┏━━

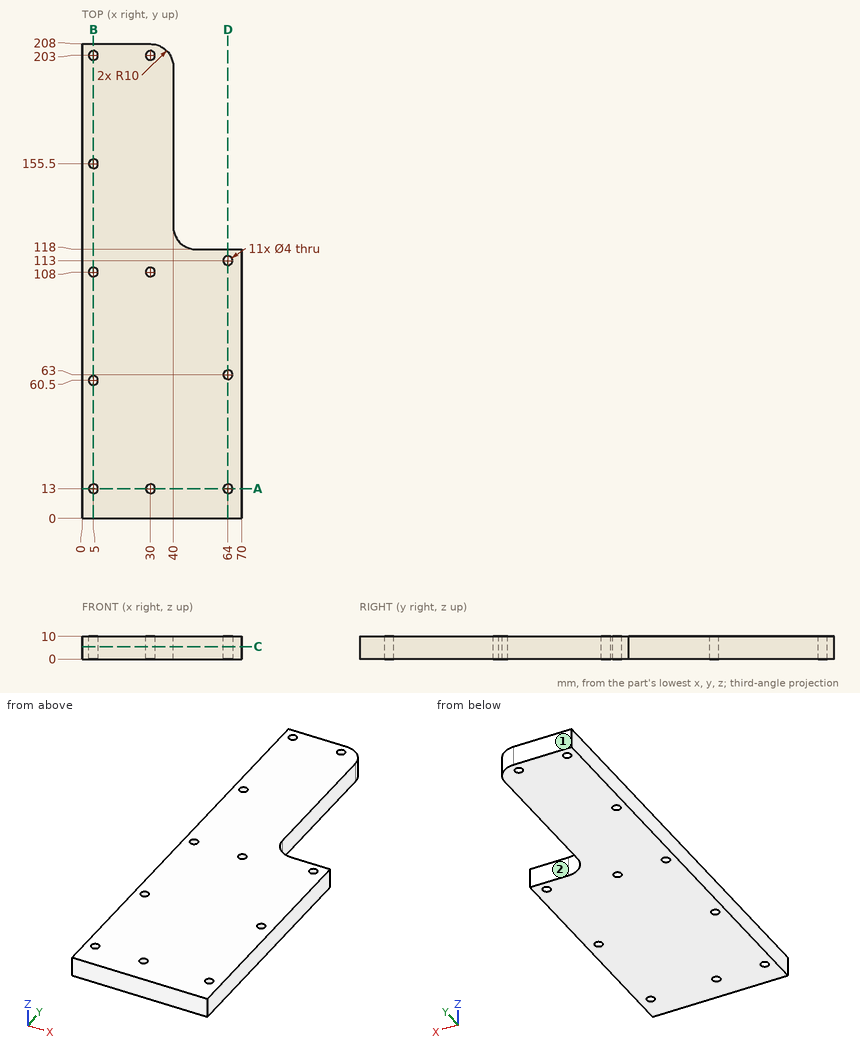
Job drawing, mm, ordinate dimensions from the low corner. One solid piece. A direction names the side the tool comes from. Coordinates: 2 decimals unless noted, no trailing zeros. Write each loop counter-clockwise with the first axis right and the second up, starting at its lowest first coordinate (ties: lowest second). Pieces come first, ordered by that corner, then holes. Notation, with made-up numbers: M 28.25,-17 L 70.25,-17 A7 cw 70.25,-12 Z; hole C -6.5,-29.5 d8. An arc over 180 degrees is marked long. Answer as a JSON object with one key per item and string values. Group by question number.
1) Tool access for the marked faces 1 and 2: list every direction of +Z, -Z, +X, -X, +Y, -Y with a clear straight run to the whole face (end or side of a thin tool).
2) Saw through at A-A (y = 13). Write the cut outline in (x, z).
3) Pin check, flat tips, straight feed: pin 1 Ø3 at (y, z) = (156, 2.5) entering from +X; pin 2 Ø3 at (x, y) = (5, 13) entering from +Z; pin 3 Ø3 at (x, z) = (59, 3) entering from +Y. Stop position of each tip, or through.
4) Wall check: line 1 (Y direction, x = 64, z = 3.5); line 2 (Y direction, x = 30, z = 6.75); line 3 (X direction, y = 106.5, z = 4.25). Give the ranges that are in metal, low to high. Write a range as from..to.
5) Saw through at C-C (z = 5.5). Give the number of separate pieces and of enclosed holes in the cut face, plus the area to 3 significant figures.
6) Saw through at B-B (x = 5). Write the cut outline in (y, z).
7) Saw through at D-D (x = 64). Write the cut outline in (y, z).
Values follow:
{
 "1": {"face 1": "+Z, -Z, +X, -X, +Y", "face 2": "+Z, -Z, +X, +Y"},
 "2": {"outline": "M 0,0 L 3,0 L 3,10 L 0,10 Z; M 7,0 L 28,0 L 28,10 L 7,10 Z; M 32,0 L 62,0 L 62,10 L 32,10 Z; M 66,0 L 70,0 L 70,10 L 66,10 Z"},
 "3": {"pin 1": "stops at x = 40", "pin 2": "passes through", "pin 3": "stops at y = 118"},
 "4": {"line 1": "y = 0..11, 15..61, 65..111, 115..118", "line 2": "y = 0..11, 15..106, 110..201, 205..208", "line 3": "x = 0..3.68, 6.32..28.68, 31.32..70"},
 "5": {"separate pieces": "1", "enclosed holes": "11", "area": "11,700 mm2"},
 "6": {"outline": "M 0,0 L 11,0 L 11,10 L 0,10 Z; M 15,0 L 58.5,0 L 58.5,10 L 15,10 Z; M 62.5,0 L 106,0 L 106,10 L 62.5,10 Z; M 110,0 L 153.5,0 L 153.5,10 L 110,10 Z; M 157.5,0 L 201,0 L 201,10 L 157.5,10 Z; M 205,0 L 208,0 L 208,10 L 205,10 Z"},
 "7": {"outline": "M 0,0 L 11,0 L 11,10 L 0,10 Z; M 15,0 L 61,0 L 61,10 L 15,10 Z; M 65,0 L 111,0 L 111,10 L 65,10 Z; M 115,0 L 118,0 L 118,10 L 115,10 Z"}
}
Source: CAD feature listing. Evaluate the final solid. Frame: model axes, mm. A direction names the side the tool comes from. Coordinates: 2 decimals unless noted, no trailing zeros. Loops run counter-clockwise (first coordinate to the right, second up) from the corner with the lowest first, then second, coordinate; pieces in that order, holes last.
Item 1: Line query: probe 1 along X at (y, z) = (-2.5, 1.25); probe 2 along X at (y, z) = (-1.75, 1.45); probe 3 along Y at (x, z) = (-20.5, 1.35). Output: solid intervals per line, ascending.
Item 2: Reachability of faces 1 (the flat face through (-7.25, -2, 2)), 2 (the flat face through (-32, -2.25, 2)), 3 (the flat face through (6.25, -2, 2)) from +Z, -Z, +X, -X, +Y, -Y: full face, straight path, thin tool, end or side. Return the list, or none.
Item 3: Section query B-B, the plane y = 2.75. Return the cut outline in (x, z).
Item 4: Section query D-D, the plane x = -3. Return the cut outline in (y, z), then the cut area to 3 significant figures.
Item 5: Section query C-C, the plane x = -30. Return the cut outline in (y, z), then the cut area to 3 significant figures.
Item 6: Pin query (flat end, axial travel): pin 1 Ø1.1 at (y, z) = (-2, 2) entering from +X; pin 2 Ø1 at (y, z) = (4, 2.5) entering from +X; pin 3 Ø1.5 at (x, z) = (-28, 2) entering from +Y; pin 4 Ø2 at (x, z) = (-19, 2) entering from +Y. Return the tip coordinate at first contact, or that it passes through.
Item 7: Pull-direction query (X, two-part tool) for faces 4 (the cylindrical face through (-32.099, -5.465, 2.028)), 5 (the flat face through (32.4, -3, 2)), 6 (the cylindrical face through (-6.82, -5.15, 2.03)), 7 (the flat face through (32, -2.25, 2)); classes: +X half, -X half, draft (parallel to the pull), parting line (faces both ways), or undercut.
```python
from build123d import *

# Parameters (mm, degrees)
F1_DEPTH = 4
F2_R     = 0.99999
F3_R     = 2
F4_W     = 1.4
F4_H     = 4
F5_DEPTH = 1.5
F6_R     = 1


# Not quite as in the source:
# - a fillet or chamfer is up to 0.001 mm smaller than in the source, because OpenCascade refuses the exact size


with BuildPart() as f1:
    # F0 (on Top) → F1 (new body)
    with BuildSketch(Plane.XY):
        with BuildLine():
            Line((-6.25, -5.75), (-6.25, -3.6742346142))
            ThreePointArc((-6.25, -3.6742346142), (-6.9955342898, -1.9039432765), (-7.25, 0))
            Line((-7.25, 0), (-7.25, -4.75))
            Line((-7.25, -4.75), (-27.6, -4.75))
            Line((-27.6, -4.75), (-27.6, -3.75))
            Line((-27.6, -3.75), (-29, -3.75))
            ThreePointArc((-29, -3.75), (-30, -4.75), (-31, -3.75))
            Line((-31, -3.75), (-32.4, -3.75))
            ThreePointArc((-32.4, -3.75), (-31.6928932188, -4.0428932188), (-31.4, -4.75))
            ThreePointArc((-31.4, -4.75), (-31.6928932188, -5.4571067812), (-32.4, -5.75))
            Line((-32.4, -5.75), (-6.25, -5.75))
        make_face()
        with BuildLine():
            Line((-32.4, -3.75), (-32.4, -5.75))
            ThreePointArc((-32.4, -5.75), (-31.6928932188, -5.4571067812), (-31.4, -4.75))
            ThreePointArc((-31.4, -4.75), (-31.6928932188, -4.0428932188), (-32.4, -3.75))
        make_face()
        with BuildLine():
            ThreePointArc((-6.25, 0), (-4.4194173824, 4.4194173824), (0, 6.25))
            Line((0, 6.25), (0, 7.25))
            ThreePointArc((0, 7.25), (-5.1265241636, 5.1265241636), (-7.25, 0))
            ThreePointArc((-7.25, 0), (-6.9955342898, -1.9039432765), (-6.25, -3.6742346142))
            Line((-6.25, -3.6742346142), (-6.25, 0))
        make_face()
    extrude(amount=F1_DEPTH)

    # F2 (radius 1 in the source; OpenCascade refuses exactly that, so slightly less here)
    f2_edges = [f1.edges().sort_by_distance(p)[0] for p in [
        (-27.6, -4.75, 2),
        (-7.25, -4.75, 2),
    ]]
    fillet(f2_edges, radius=F2_R)

    # F3
    f3_edges = [f1.edges().sort_by_distance(p)[0] for p in [
        (-6.25, -5.75, 2),
    ]]
    fillet(f3_edges, radius=F3_R)

    # F4 (on face) → F5 (join)
    with BuildSketch(Plane(origin=(0, -3.75, 0), x_dir=(-1, 0, 0), z_dir=(0, 1, 0))):
        with Locations((28.3, 2)):
            Rectangle(F4_W, F4_H)
        with Locations((31.7, 2)):
            Rectangle(F4_W, F4_H)
    extrude(amount=F5_DEPTH)

    # F6
    f6_edges = [f1.edges().sort_by_distance(p)[0] for p in [
        (-32.4, -5.75, 2),
    ]]
    fillet(f6_edges, radius=F6_R)

    # F7: F1 across plane


with BuildPart() as f1_1:
    add(f1.part)
    add(f1.part.mirror(Plane.YZ))


solid = f1_1.part
```
Verdict:
1. probe 1: x = -32.4 to -31, -29 to -27.6, -7.25 to -6.25, 6.25 to 7.25, 27.6 to 29, 31 to 32.4
1. probe 2: x = -7.25 to -6.25, 6.25 to 7.25
1. probe 3: y = -5.75 to -4.75
2. face 1: +Z, -Z, +Y
2. face 2: +Z, -Z, -X, +Y
2. face 3: +Z, -Z, -Y
3. outline: (-6.71, 0) - (-5.61, 0) - (-5.61, 4) - (-6.71, 4) - close; (5.61, 0) - (6.71, 0) - (6.71, 4) - (5.61, 4) - close
4. outline: (5.48, 0) - (6.6, 0) - (6.6, 4) - (5.48, 4) - close
4. area: 4.47 mm2
5. outline: (-5.75, 0) - (-4.75, 0) - (-4.75, 4) - (-5.75, 4) - close
5. area: 4.00 mm2
6. pin 1: stops at x = 32.4
6. pin 2: stops at x = 6.35
6. pin 3: stops at y = -2.25
6. pin 4: stops at y = -4.75
7. face 4: -X half
7. face 5: +X half
7. face 6: undercut
7. face 7: draft

┗━━

** ASSIGNED TASK **
Write out only what runs from the line holding "7. face 4: -X half" through the last line of the records, exactly as shown.

** RESPONSE TO THIS TASK **
7. face 4: -X half
7. face 5: +X half
7. face 6: undercut
7. face 7: draft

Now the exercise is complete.